WORK INSTRUCTION ▸ Nothing in the copy should be a picture; everything else in the listing is to be restated exactly.

INPUT MATERIAL ▸
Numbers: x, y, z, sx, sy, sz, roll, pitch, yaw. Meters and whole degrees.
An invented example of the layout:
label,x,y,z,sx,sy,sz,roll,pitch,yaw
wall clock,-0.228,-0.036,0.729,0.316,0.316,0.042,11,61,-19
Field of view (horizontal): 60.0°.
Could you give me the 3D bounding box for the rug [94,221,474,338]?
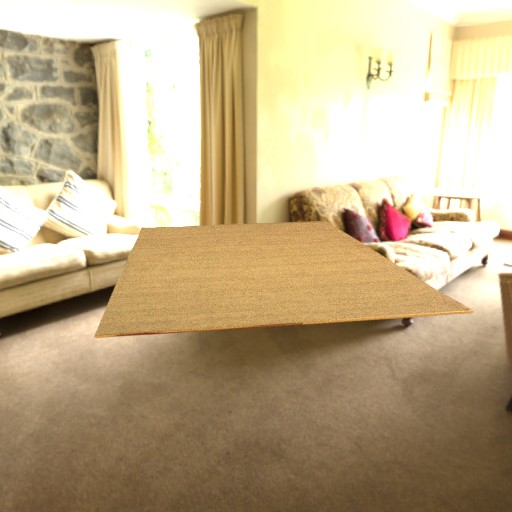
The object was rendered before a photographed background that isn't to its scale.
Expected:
label,x,y,z,sx,sy,sz,roll,pitch,yaw
rug,0.000,0.000,4.281,2.434,0.045,3.202,-2,16,-9
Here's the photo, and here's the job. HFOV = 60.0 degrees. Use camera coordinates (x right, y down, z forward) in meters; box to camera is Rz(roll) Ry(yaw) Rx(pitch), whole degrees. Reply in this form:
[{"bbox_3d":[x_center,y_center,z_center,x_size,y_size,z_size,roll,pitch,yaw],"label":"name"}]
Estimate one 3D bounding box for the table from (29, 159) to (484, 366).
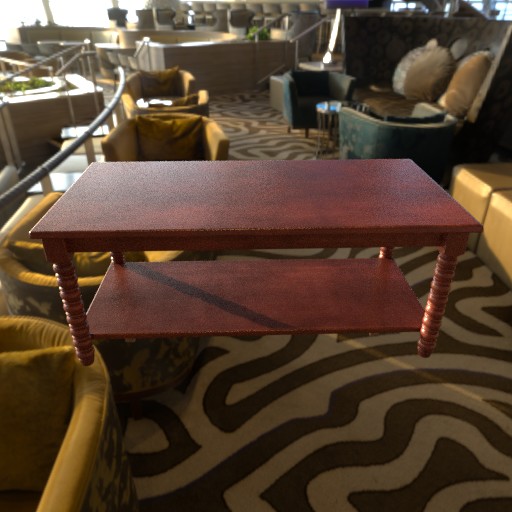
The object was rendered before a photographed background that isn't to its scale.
[{"bbox_3d":[0.000,0.000,1.498,1.171,0.485,0.580,-1,30,-2],"label":"table"}]
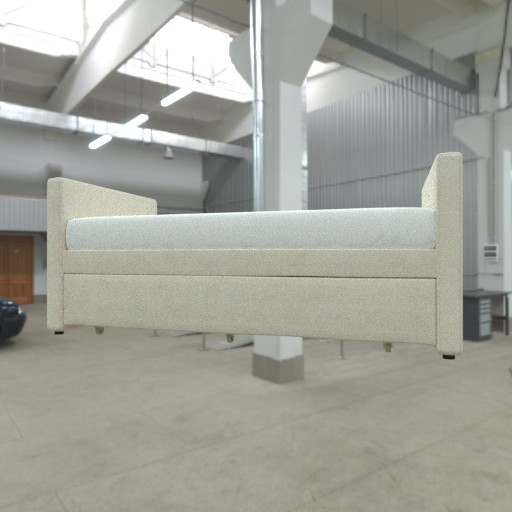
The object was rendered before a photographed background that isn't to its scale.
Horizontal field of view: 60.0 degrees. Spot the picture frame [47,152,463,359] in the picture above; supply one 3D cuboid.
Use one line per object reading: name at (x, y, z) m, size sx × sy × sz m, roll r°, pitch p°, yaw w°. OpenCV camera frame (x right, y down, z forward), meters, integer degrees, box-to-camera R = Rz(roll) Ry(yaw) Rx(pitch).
picture frame at (0.000, 0.000, 2.694) m, size 2.161 × 0.891 × 1.069 m, roll 0°, pitch 0°, yaw 17°
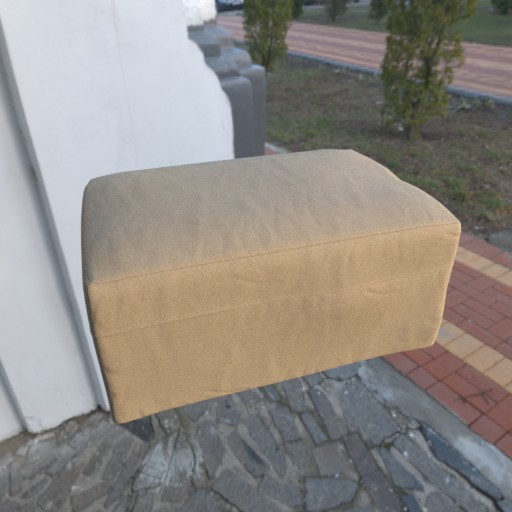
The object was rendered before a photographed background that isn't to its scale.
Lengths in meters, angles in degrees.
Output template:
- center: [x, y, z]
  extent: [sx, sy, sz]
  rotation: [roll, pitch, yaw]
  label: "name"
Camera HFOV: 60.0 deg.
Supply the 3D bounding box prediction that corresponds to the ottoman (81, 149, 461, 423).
- center: [0.000, 0.000, 1.222]
  extent: [0.872, 0.444, 0.590]
  rotation: [-10, 33, -15]
  label: "ottoman"
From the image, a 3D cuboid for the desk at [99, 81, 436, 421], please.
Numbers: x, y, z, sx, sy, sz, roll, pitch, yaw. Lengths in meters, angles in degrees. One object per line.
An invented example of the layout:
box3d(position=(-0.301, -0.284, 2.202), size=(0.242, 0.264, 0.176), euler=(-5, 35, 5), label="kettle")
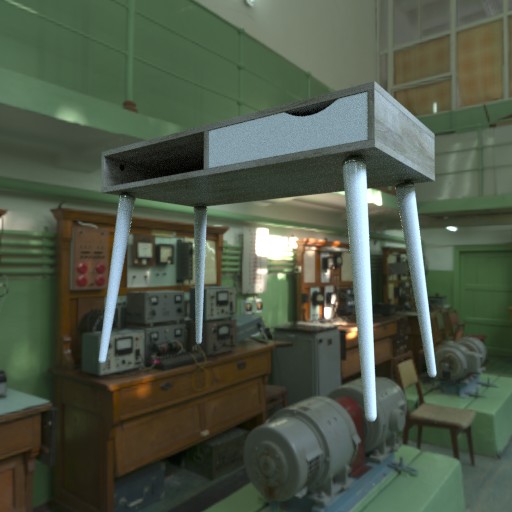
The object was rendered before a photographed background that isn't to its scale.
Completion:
box3d(position=(0.000, 0.000, 1.417), size=(0.979, 0.723, 0.491), euler=(-1, -2, 37), label="desk")
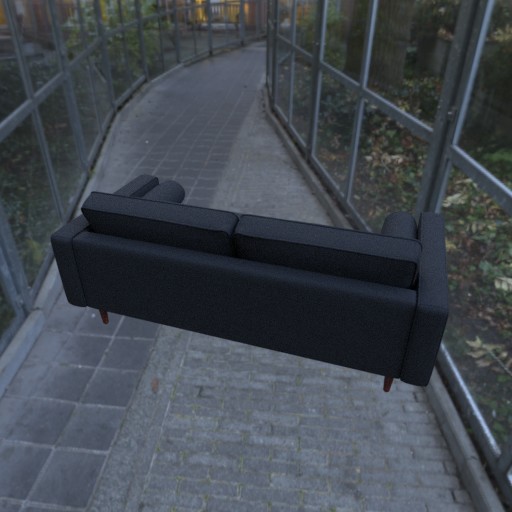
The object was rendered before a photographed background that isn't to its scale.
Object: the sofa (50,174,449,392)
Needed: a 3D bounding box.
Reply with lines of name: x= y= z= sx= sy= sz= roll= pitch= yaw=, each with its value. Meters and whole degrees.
sofa: x=0.000 y=0.000 z=2.406 sx=1.875 sy=0.759 sz=0.914 roll=10 pitch=33 yaw=16
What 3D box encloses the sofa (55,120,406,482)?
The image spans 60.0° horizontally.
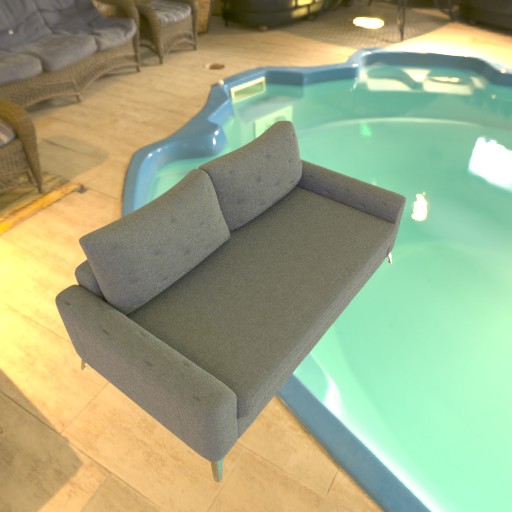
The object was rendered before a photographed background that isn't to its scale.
[{"bbox_3d":[0.000,0.000,2.178,0.920,0.790,1.650,27,48,27],"label":"sofa"}]
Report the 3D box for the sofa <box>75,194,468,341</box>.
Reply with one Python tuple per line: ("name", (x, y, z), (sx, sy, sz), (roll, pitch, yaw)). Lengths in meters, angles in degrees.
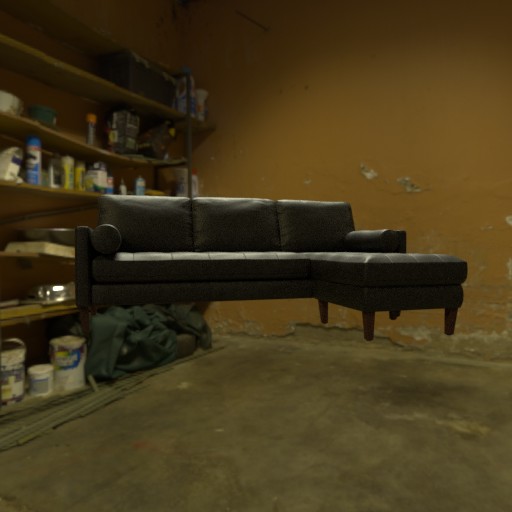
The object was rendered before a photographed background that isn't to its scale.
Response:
("sofa", (0.000, 0.000, 2.869), (2.178, 0.876, 1.497), (0, 1, -17))
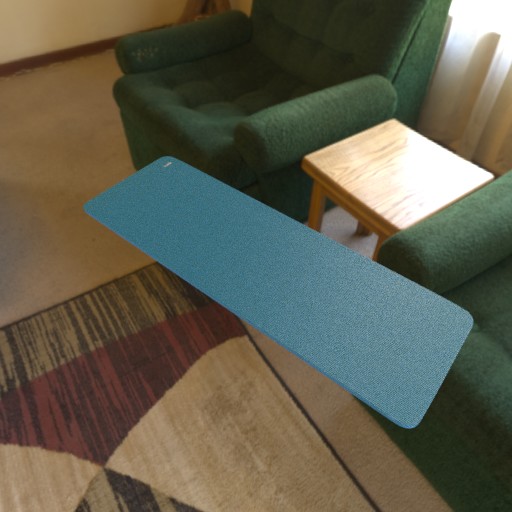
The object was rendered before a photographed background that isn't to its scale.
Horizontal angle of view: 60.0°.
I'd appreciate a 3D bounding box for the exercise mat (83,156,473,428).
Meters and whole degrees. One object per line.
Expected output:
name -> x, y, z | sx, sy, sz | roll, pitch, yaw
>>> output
exercise mat -> 0.000, 0.000, 2.067 | 1.869, 0.021, 0.616 | 31, 54, 25
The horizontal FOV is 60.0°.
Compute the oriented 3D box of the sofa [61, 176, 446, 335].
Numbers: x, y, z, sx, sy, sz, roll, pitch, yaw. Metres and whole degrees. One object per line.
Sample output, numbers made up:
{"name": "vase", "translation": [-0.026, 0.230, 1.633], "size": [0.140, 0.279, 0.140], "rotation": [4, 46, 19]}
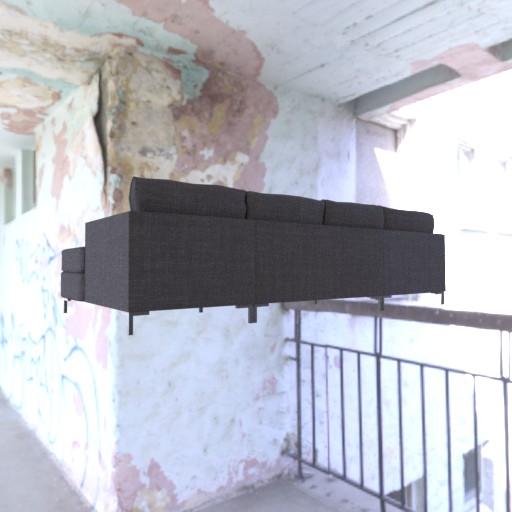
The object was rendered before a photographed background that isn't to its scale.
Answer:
{"name": "sofa", "translation": [0.000, 0.000, 4.388], "size": [3.423, 0.999, 2.048], "rotation": [1, -1, -36]}
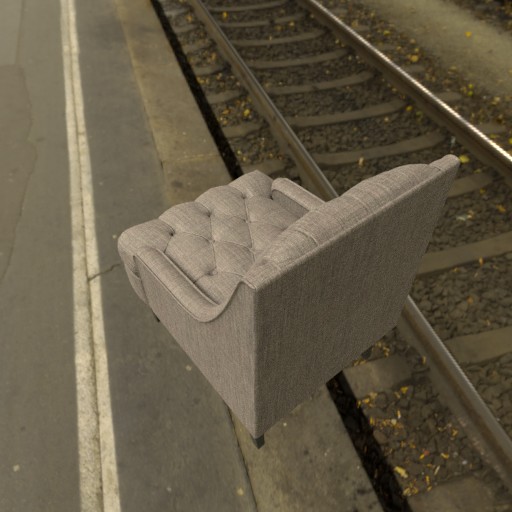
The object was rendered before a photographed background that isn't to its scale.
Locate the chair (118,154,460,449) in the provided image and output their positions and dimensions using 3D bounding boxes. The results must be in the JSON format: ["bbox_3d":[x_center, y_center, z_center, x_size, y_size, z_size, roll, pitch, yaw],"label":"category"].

COMPLETED TASK ▸
Numbers: x, y, z, sx, sy, sz, roll, pitch, yaw. Meters and whole degrees.
An invented example of the layout:
label,x,y,z,sx,sy,sz,roll,pitch,yaw
wall clock,-0.228,-0.036,0.729,0.316,0.316,0.042,11,61,-19
Field of view (horizontal): 60.0°.
Could you give me the 3D bounding box for the rug [94,221,474,338]?
The object was rendered before a photographed background that isn't to its scale.
Expected:
label,x,y,z,sx,sy,sz,roll,pitch,yaw
rug,0.000,0.000,4.281,2.434,0.045,3.202,-2,16,-9
Here's the photo, and here's the job. HFOV = 60.0 degrees. Use camera coordinates (x right, y down, z forward) in meters; box to camera is Rz(roll) Ry(yaw) Rx(pitch), whole degrees. Reply in this form:
[{"bbox_3d":[x_center,y_center,z_center,x_size,y_size,z_size,roll,pitch,yaw],"label":"name"}]
Estimate one 3D bounding box for the table from (29, 159) to (484, 366).
The object was rendered before a photographed background that isn't to its scale.
[{"bbox_3d":[0.000,0.000,1.498,1.171,0.485,0.580,-1,30,-2],"label":"table"}]
The object was rendered before a photographed background that isn't to its scale.
Horizontal field of view: 60.0 degrees. Spot the picture frame [47,152,463,359] in the picture above; supply one 3D cuboid.
Use one line per object reading: name at (x, y, z) m, size sx × sy × sz m, roll r°, pitch p°, yaw w°. OpenCV camera frame (x right, y down, z forward), meters, integer degrees, box-to-camera R = Rz(roll) Ry(yaw) Rx(pitch).
picture frame at (0.000, 0.000, 2.694) m, size 2.161 × 0.891 × 1.069 m, roll 0°, pitch 0°, yaw 17°
The object was rendered before a photographed background that isn't to its scale.
Lengths in meters, angles in degrees.
Output template:
- center: [x, y, z]
  extent: [sx, sy, sz]
  rotation: [roll, pitch, yaw]
  label: "name"
Camera HFOV: 60.0 deg.
Supply the 3D bounding box prediction that corresponds to the ottoman (81, 149, 461, 423).
- center: [0.000, 0.000, 1.222]
  extent: [0.872, 0.444, 0.590]
  rotation: [-10, 33, -15]
  label: "ottoman"
From the image, a 3D cuboid for the desk at [99, 81, 436, 421], please.
Numbers: x, y, z, sx, sy, sz, roll, pitch, yaw. Lengths in meters, angles in degrees. One object per line.
An invented example of the layout:
box3d(position=(-0.301, -0.284, 2.202), size=(0.242, 0.264, 0.176), euler=(-5, 35, 5), label="kettle")
The object was rendered before a photographed background that isn't to its scale.
Completion:
box3d(position=(0.000, 0.000, 1.417), size=(0.979, 0.723, 0.491), euler=(-1, -2, 37), label="desk")
The object was rendered before a photographed background that isn't to its scale.
Object: the sofa (50,174,449,392)
Needed: a 3D bounding box.
Reply with lines of name: x= y= z= sx= sy= sz= roll= pitch= yaw=, each with its value. Meters and whole degrees.
sofa: x=0.000 y=0.000 z=2.406 sx=1.875 sy=0.759 sz=0.914 roll=10 pitch=33 yaw=16
What 3D box encloses the sofa (55,120,406,482)?
The image spans 60.0° horizontally.
The object was rendered before a photographed background that isn't to its scale.
[{"bbox_3d":[0.000,0.000,2.178,0.920,0.790,1.650,27,48,27],"label":"sofa"}]
Report the 3D box for the sofa <box>75,194,468,341</box>.
Reply with one Python tuple per line: ("name", (x, y, z), (sx, sy, sz), (roll, pitch, yaw)). Lengths in meters, angles in degrees.
The object was rendered before a photographed background that isn't to its scale.
Response:
("sofa", (0.000, 0.000, 2.869), (2.178, 0.876, 1.497), (0, 1, -17))
The object was rendered before a photographed background that isn't to its scale.
Horizontal angle of view: 60.0°.
I'd appreciate a 3D bounding box for the exercise mat (83,156,473,428).
Meters and whole degrees. One object per line.
Expected output:
name -> x, y, z | sx, sy, sz | roll, pitch, yaw
>>> output
exercise mat -> 0.000, 0.000, 2.067 | 1.869, 0.021, 0.616 | 31, 54, 25
The horizontal FOV is 60.0°.
Compute the oriented 3D box of the sofa [61, 176, 446, 335].
Numbers: x, y, z, sx, sy, sz, roll, pitch, yaw. Metres and whole degrees. One object per line.
Sample output, numbers made up:
{"name": "vase", "translation": [-0.026, 0.230, 1.633], "size": [0.140, 0.279, 0.140], "rotation": [4, 46, 19]}
The object was rendered before a photographed background that isn't to its scale.
Answer:
{"name": "sofa", "translation": [0.000, 0.000, 4.388], "size": [3.423, 0.999, 2.048], "rotation": [1, -1, -36]}
The object was rendered before a photographed background that isn't to its scale.
Locate the chair (118,154,460,449) in the provided image and output their positions and dimensions using 3D bounding boxes. The results must be in the JSON format: ["bbox_3d":[x_center, y_center, z_center, x_size, y_size, z_size, roll, pitch, yaw],"label":"category"].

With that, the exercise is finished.